Category:Equivalence of Definitions of Continuous Mapping between Topological Spaces

This category contains pages concerning Equivalence of Definitions of Continuous Mapping between Topological Spaces:

Continuity at a Point

Let $T_1 = \struct {S_1, \tau_1}$ and $T_2 = \struct {S_2, \tau_2}$ be topological spaces.

Let $f: S_1 \to S_2$ be a mapping from $S_1$ to $S_2$.

Let $x \in S_1$.

The following definitions of the concept of continuity at a point of a topological space are equivalent:

Definition using Open Sets

The mapping $f$ is continuous at (the point) $x$ (with respect to the topologies $\tau_1$ and $\tau_2$) if and only if:

For every open set $U_2$ of $T_2$ such that $\map f x \in U_2$, there exists an open set $U_1$ of $T_1$ such that $x \in U_1$ and $f \sqbrk {U_1} \subseteq U_2$.

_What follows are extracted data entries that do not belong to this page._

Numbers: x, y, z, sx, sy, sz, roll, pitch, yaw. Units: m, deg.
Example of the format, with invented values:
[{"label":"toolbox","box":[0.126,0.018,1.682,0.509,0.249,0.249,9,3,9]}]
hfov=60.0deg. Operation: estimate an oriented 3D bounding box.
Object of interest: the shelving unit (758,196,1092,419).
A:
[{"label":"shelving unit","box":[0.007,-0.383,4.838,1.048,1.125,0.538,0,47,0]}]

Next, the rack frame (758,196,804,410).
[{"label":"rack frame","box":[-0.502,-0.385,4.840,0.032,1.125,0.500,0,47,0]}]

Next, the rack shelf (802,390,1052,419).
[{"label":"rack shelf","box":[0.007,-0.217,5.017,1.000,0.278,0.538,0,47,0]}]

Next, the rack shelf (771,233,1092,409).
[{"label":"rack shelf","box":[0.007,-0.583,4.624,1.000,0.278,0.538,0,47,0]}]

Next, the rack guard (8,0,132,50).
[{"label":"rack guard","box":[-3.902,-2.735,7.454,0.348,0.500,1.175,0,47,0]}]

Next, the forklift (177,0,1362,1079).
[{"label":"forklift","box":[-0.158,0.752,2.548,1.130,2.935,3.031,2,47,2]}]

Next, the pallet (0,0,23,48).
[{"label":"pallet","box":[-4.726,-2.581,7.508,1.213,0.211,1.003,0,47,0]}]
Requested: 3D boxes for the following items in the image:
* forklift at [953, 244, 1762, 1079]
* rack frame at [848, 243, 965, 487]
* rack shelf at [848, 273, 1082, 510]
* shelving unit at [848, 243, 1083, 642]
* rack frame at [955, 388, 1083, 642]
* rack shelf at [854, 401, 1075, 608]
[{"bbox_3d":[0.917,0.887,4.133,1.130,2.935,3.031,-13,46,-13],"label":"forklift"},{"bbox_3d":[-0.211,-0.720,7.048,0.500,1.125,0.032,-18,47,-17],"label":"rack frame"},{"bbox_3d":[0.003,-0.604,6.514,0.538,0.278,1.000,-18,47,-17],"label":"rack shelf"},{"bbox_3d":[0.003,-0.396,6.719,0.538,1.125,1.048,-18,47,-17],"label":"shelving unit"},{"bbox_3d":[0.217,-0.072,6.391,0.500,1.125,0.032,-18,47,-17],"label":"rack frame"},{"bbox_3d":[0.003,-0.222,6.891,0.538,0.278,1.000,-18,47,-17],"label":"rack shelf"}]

Definition using Neighborhoods

The mapping $f$ is continuous at (the point) $x$ (with respect to the topologies $\tau_1$ and $\tau_2$) if and only if:

For every neighborhood $N$ of $\map f x$ in $T_2$, there exists a neighborhood $M$ of $x$ in $T_1$ such that $f \sqbrk M \subseteq N$.

Definition using Neighborhood Inverse

The mapping $f$ is continuous at (the point) $x$ (with respect to the topologies $\tau_1$ and $\tau_2$) if and only if:

For every neighborhood $N$ of $\map f x$ in $T_2$, $f^{-1} \sqbrk N$ is a neighborhood of $x$.

Definition using Filters

The mapping $f$ is continuous at (the point) $x$ if and only if:

for any filter $\FF$ on $T_1$ that converges to $x$, the corresponding image filter $f \sqbrk \FF$ converges to $\map f x$.

Continuity Everywhere

Let $T_1 = \struct {S_1, \tau_1}$ and $T_2 = \struct {S_2, \tau_2}$ be topological spaces.

Let $f: S_1 \to S_2$ be a mapping from $S_1$ to $S_2$.

The following definitions of the concept of everywhere continuous mapping between topological spaces are equivalent:

Definition by Pointwise Continuity

The mapping $f$ is continuous everywhere (or simply continuous) if and only if $f$ is continuous at every point $x \in S_1$.

Definition by Open Sets

The mapping $f$ is continuous on $S_1$ if and only if:

$U \in \tau_2 \implies f^{-1} \sqbrk U \in \tau_1$

where $f^{-1} \sqbrk U$ denotes the preimage of $U$ under $f$.